Not long after I moved to Florida, a police officer came to my house. He asked who I was, and then told me that he needed to see my ID, and confirm that it was definitely me. When I asked him why, he informed me that it was because someone from my past, one of the Robertsons, had been arrested in California on murder charges. They’d found dismembered body parts in his shed, and they wanted to be certain that it wasn’t me.

I don’t remember how it came about, but the Sheriff in Idaho ended up inviting me to come there and see if anything jogged my memory. I took a few days off work (when murder is involved, bosses can be surprisingly accommodating). Then I landed there, and I stayed with the Sheriff. I do have to say that he was incredibly nice, and kind, and considerate. His wife as well.

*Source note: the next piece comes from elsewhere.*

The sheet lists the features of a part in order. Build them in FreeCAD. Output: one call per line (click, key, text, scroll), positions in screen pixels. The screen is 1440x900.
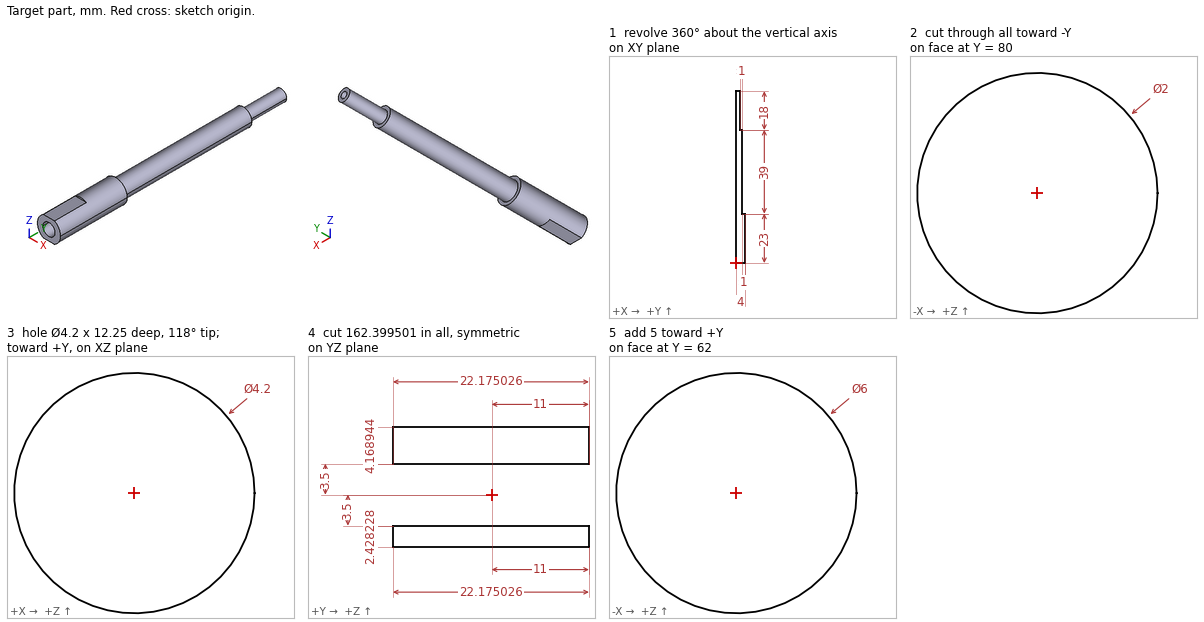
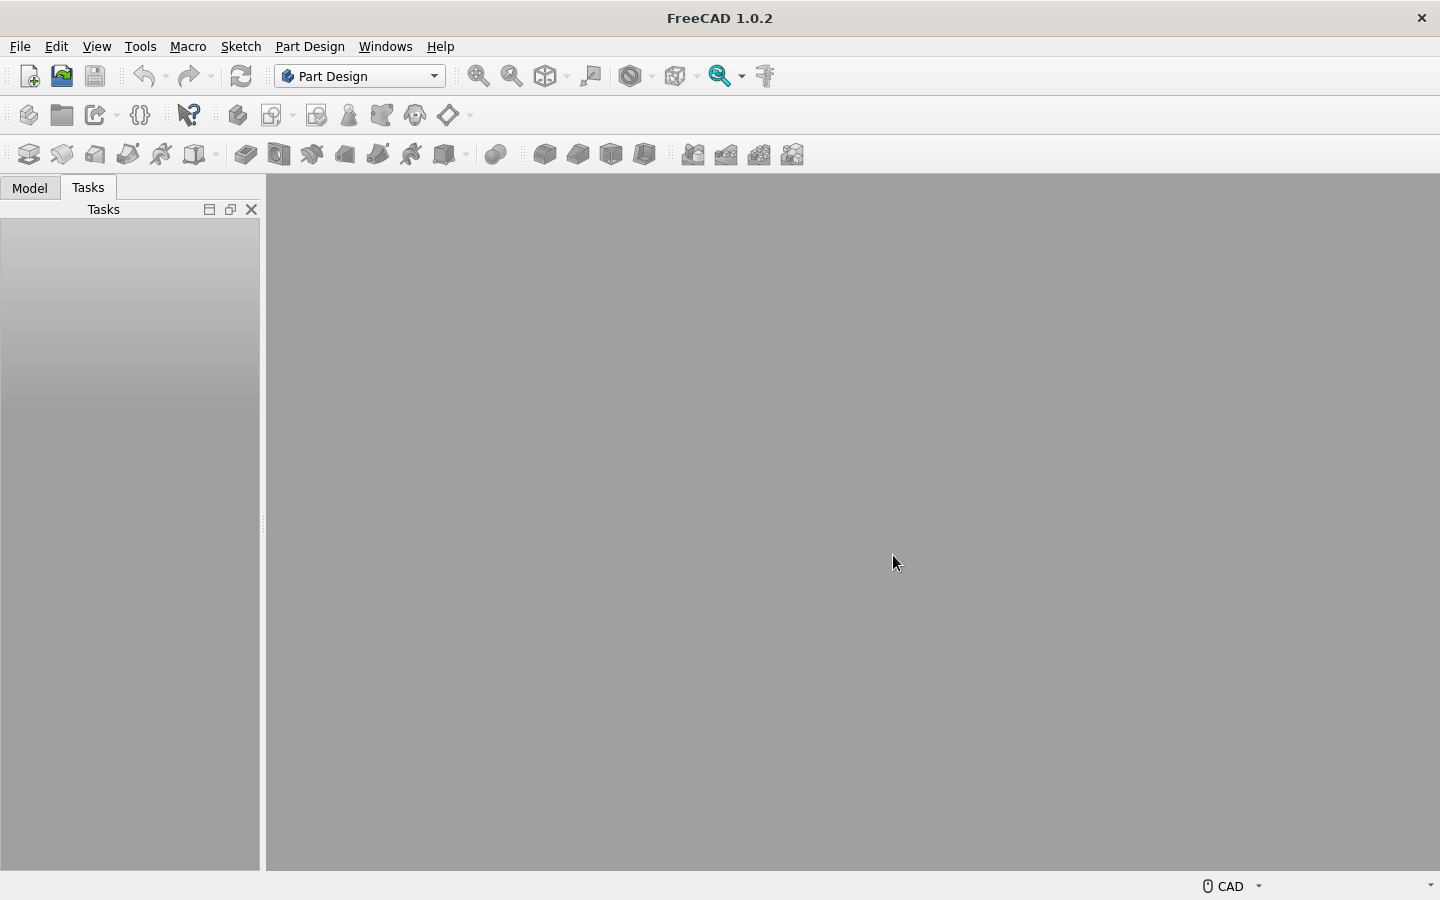
click(29, 76)

I worked hard to remember what had happened. The problems that I had, though, were that the memories were disjointed. I couldn’t put them in order and I often couldn’t be sure why I was where I was at the time. This disturbed the officers, who wanted a clear, understandable story from me. So I struggled to disseminate information that came to me from a child’s mind and memory.

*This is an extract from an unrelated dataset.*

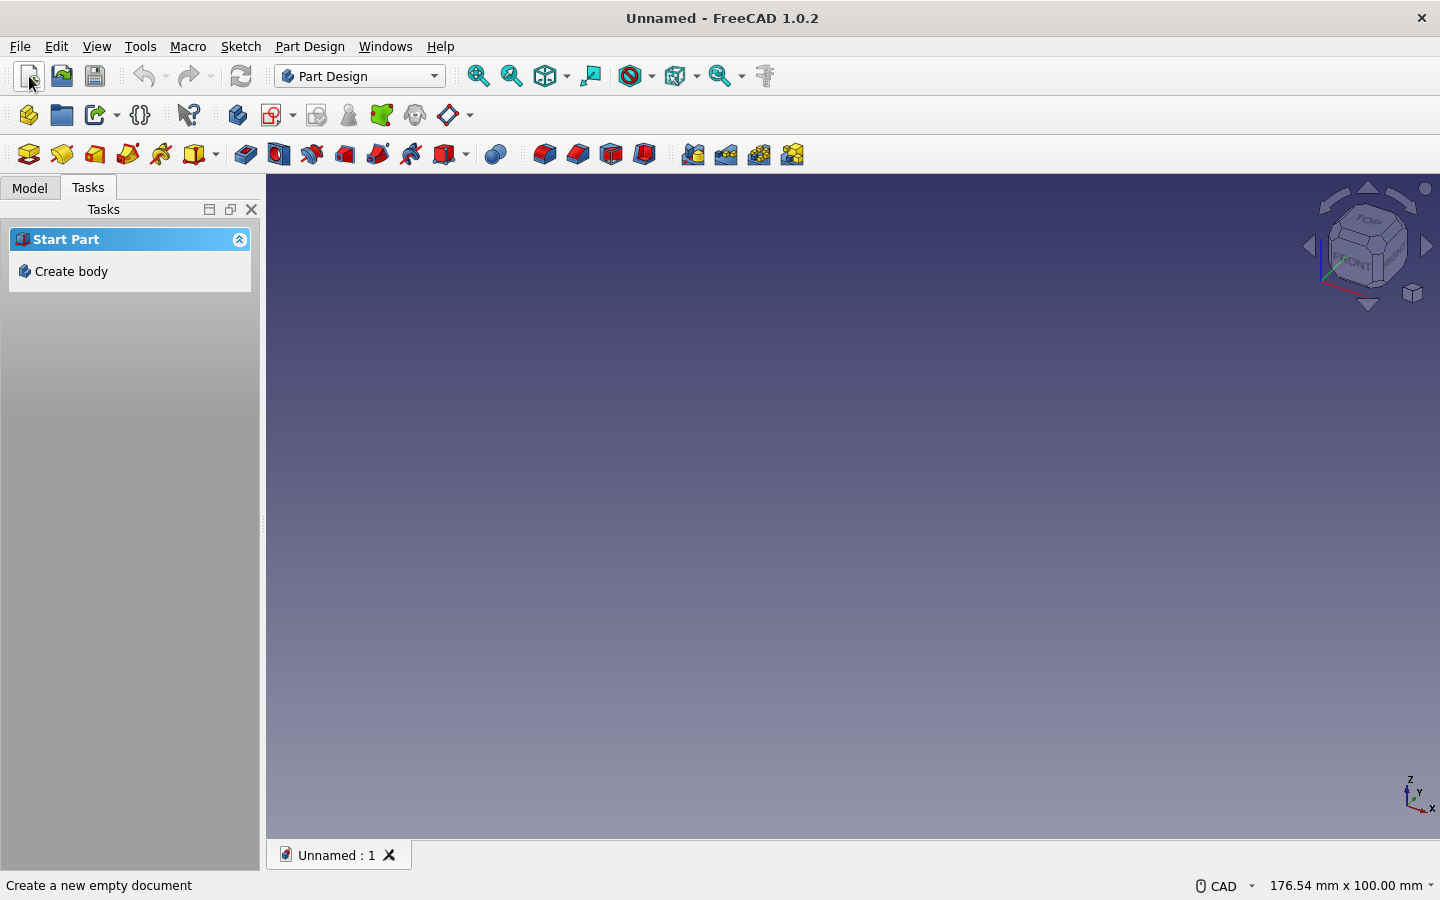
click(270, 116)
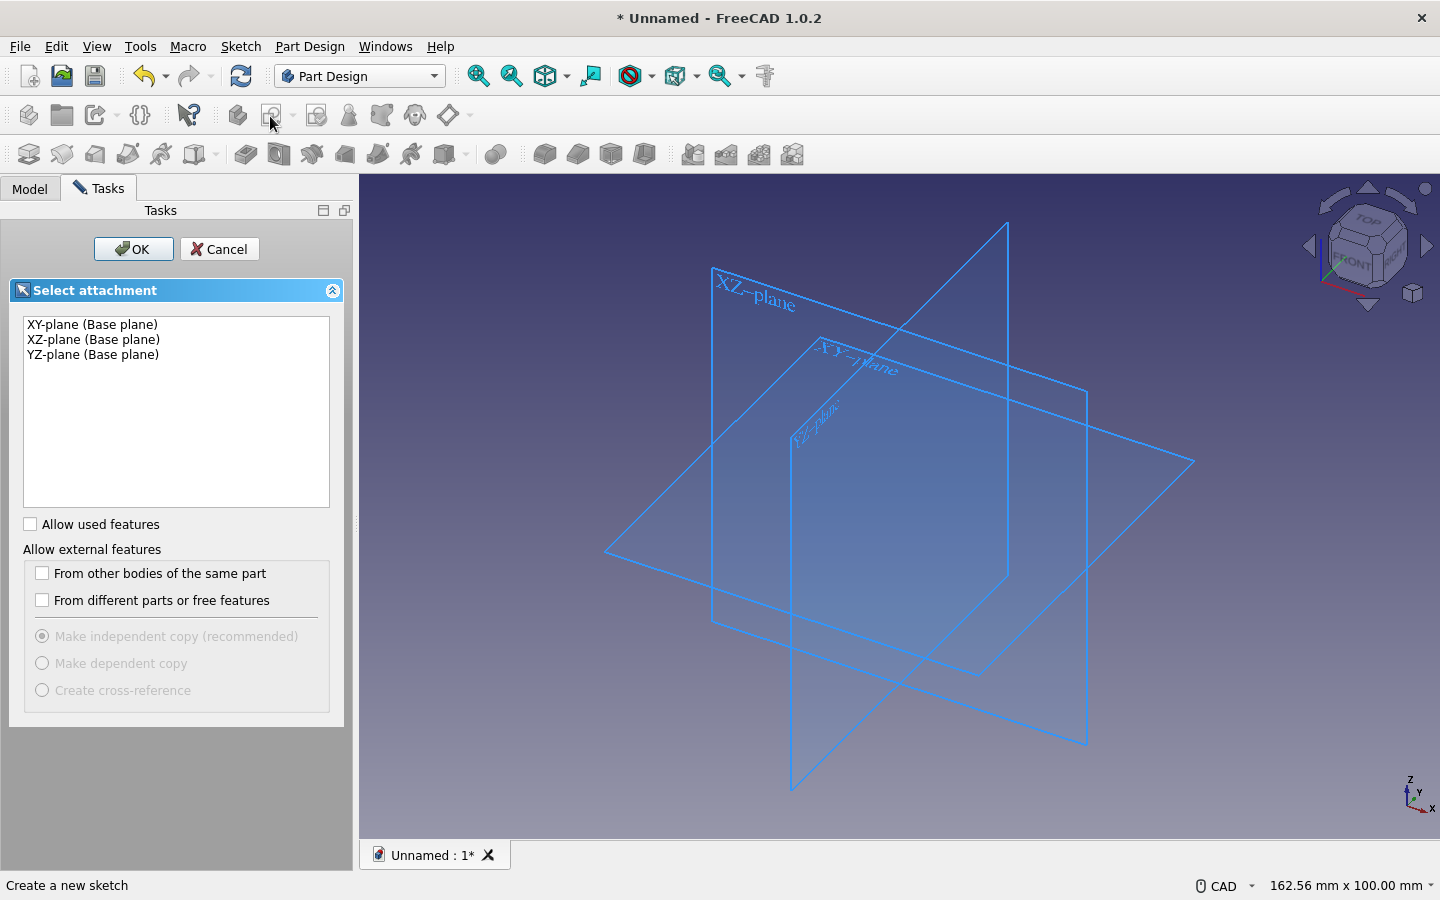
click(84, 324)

The real shock came in the form of unexpected validation. I’d accepted the likelihood that what I remembered was mostly false. Movies, as my grandmother had told me. Not real, not true. But as I slowly began to give them memories, they began to validate things. The mustang and the fuzzy seat covers. What color she was said to be wearing when she went missing.

The largest validation of all, of course, came when they pulled a sawed-off bone, wrapped in a teal t-shirt, from under the house’s foundation. I could no longer lie to myself. I could no longer accept people’s angry denials. It was all there in front of me. And even later on, a forensic psychiatrist told the officers that actually, my memories were all the MORE believable because they were disjointed.

Something deep inside me shifted through those days. I let go of some of the belief that everything I said (no matter how true) was a lie. I’d gotten so used to everyone thinking that my life was all a lie, that while I knew my memories were real, I also felt that somehow they had to be fake, too. As if I really remembered something, but not really my life.

The media were all over it. It was a big case, tied to an even bigger one. Well, local papers, I mean. I don’t think it was national; it was too old for that. But they dug up the foundation where the house used to be, and they found that evidence. They sent it away for testing, but the testing, I learned, was inconclusive. If they’d been able to prove it was human, they would have gone forward with a trial. But they couldn’t, so they didn’t.

I also confronted my mother’s husband (at the time of her death) while I was there. He was still living in the area. He agreed to take a polygraph about the sexual abuse of me during visitations, but the Sheriff was going to throw in a question about my mother’s murder. He agreed to come in the next day, and disappeared overnight.

If you noticed a recurring name here, you’re right. Bill is the name of most of my abusers. Even Alex’s actual first name is William… he went by his middle name.

So anyway, I went to Idaho. Nothing came of it from the standpoint of breaks in the case. But at the same time, it really did a lot for me personally. The validation really eased my heart a great deal. I felt better about myself, and it was validating also to have someone, however late, give honest effort to my mother’s case.

You might be interested to know that Bill Robertson thinks he’s haunted, too. Gosh, I wonder why. Maybe it’s really my mother (I think not), but more likely it’s his own guilty conscience. Guilty, guilty, guilty.

Guilt and shame are killers. They kill the soul when they can’t kill the man.

There was also a Mustang that I remembered seeing sinking into the waters of the bog behind the house. It had black and white upholstery… and one of the boys’ car was a mustang with a fuzzy “cow” seat cover… more validation of my memories as real, not imaginary.

After all of that, I went back to Florida. It was strange to go back, as if the world had altered slightly, shifting somewhat. In a good way, though, in a good way. Mostly, that is.